This is however not true - I have Sky TV downstairs, but I also have satellite TV in my bedroom, to get this all I did was run an extra cable from the Sky satellite dish into a HD satellite card in my PC and there we have it free satellite TV.
I don't get all the Sky channels but there are still many Free to air satellite channels out there that are still available.
All the BBC channels are free to air and can be received by a Sky box with either a cancelled sky card in the slot or no sky card in the slot.
Also many of the other terrestrial channels are FTA (free to air) - like ITV, C4, C5, Film4 is also free.
If you plug your satellite dish into a generic free to air satellite receiver or PC tuner card you may find that at first you receive about 20 Channel 4's (if it's a Freesat receiver or a Sky box these are pre-programmed to only show one Channel 4), and you'll also notice a number of BBC1's, ITV's and C5's. These are regional variations the main difference between each region is the advertisements - for example in the West Midlands you might see adverts for things like West Midlands Safari Park or the Birmingham and Wolverhampton locations of DFS or Ikea, where as on the North West versions you might see adverts for Gullivers in Warrington, or DFS, Manchester, Ikea Warrington, etc. Also if your over the border in Scotland you'd notice that by removing your sky card the STV would change to ITV, and in Wales S4C would swap with C4.

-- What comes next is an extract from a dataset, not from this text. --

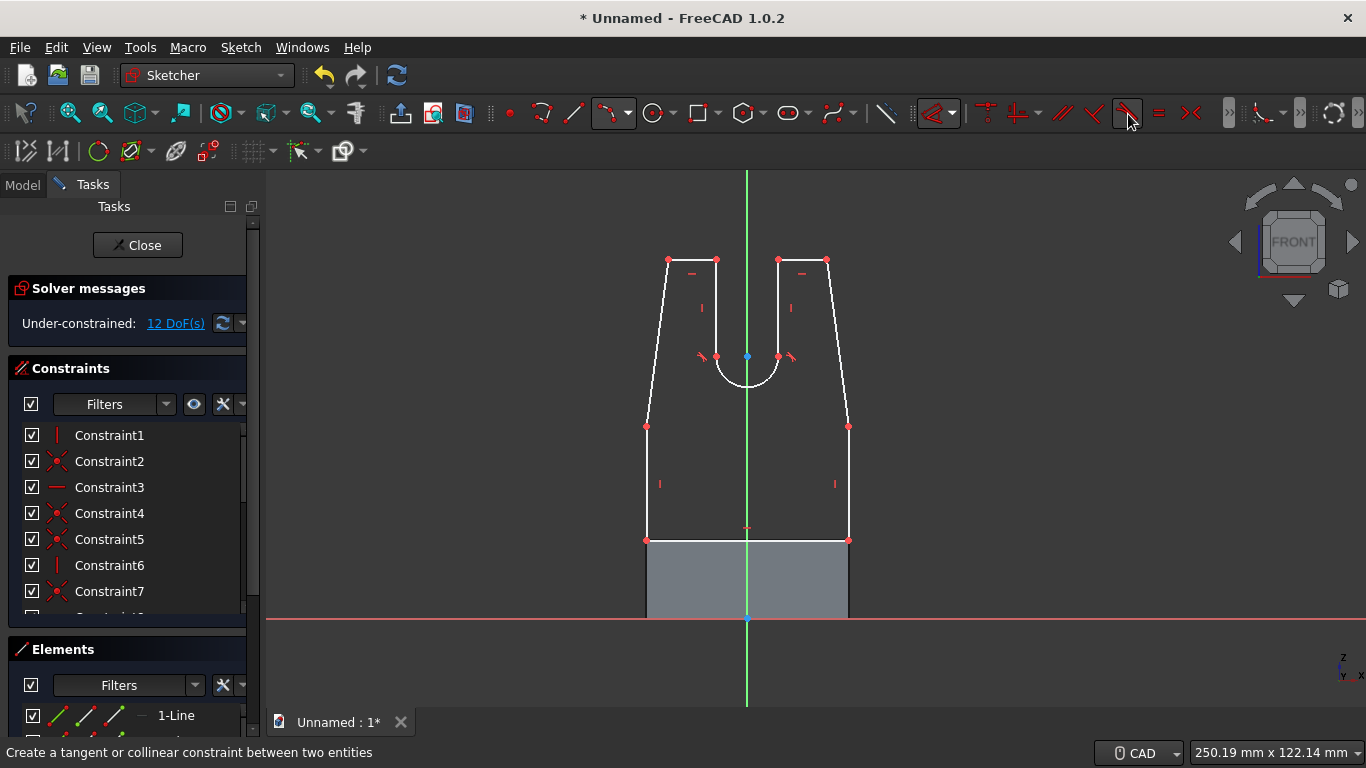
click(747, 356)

If you remove your sky card from the slot you will find that after a few minutes it will switch all your regional channels to a London version (BBC London, ITV London). It uses the postcode stored in the Sky card to figure out which region to show (and if you want to watch something that's not in your region if you go to the end of the Sky channels in the 900 beyond the adult channels you can get the various BBC regions).
If you cancel your card but leave it in the slot it will still use your postcode to give you the same region, and if you have a sky box that doesn't have a card you can call Sky up and ask them to send you out a Sky Freesat card - note this is not the same as Freesat (even though it shares the same name). The Sky Freesat card will be matched to the postcode it's sent to so it will correct the channels to your correct area.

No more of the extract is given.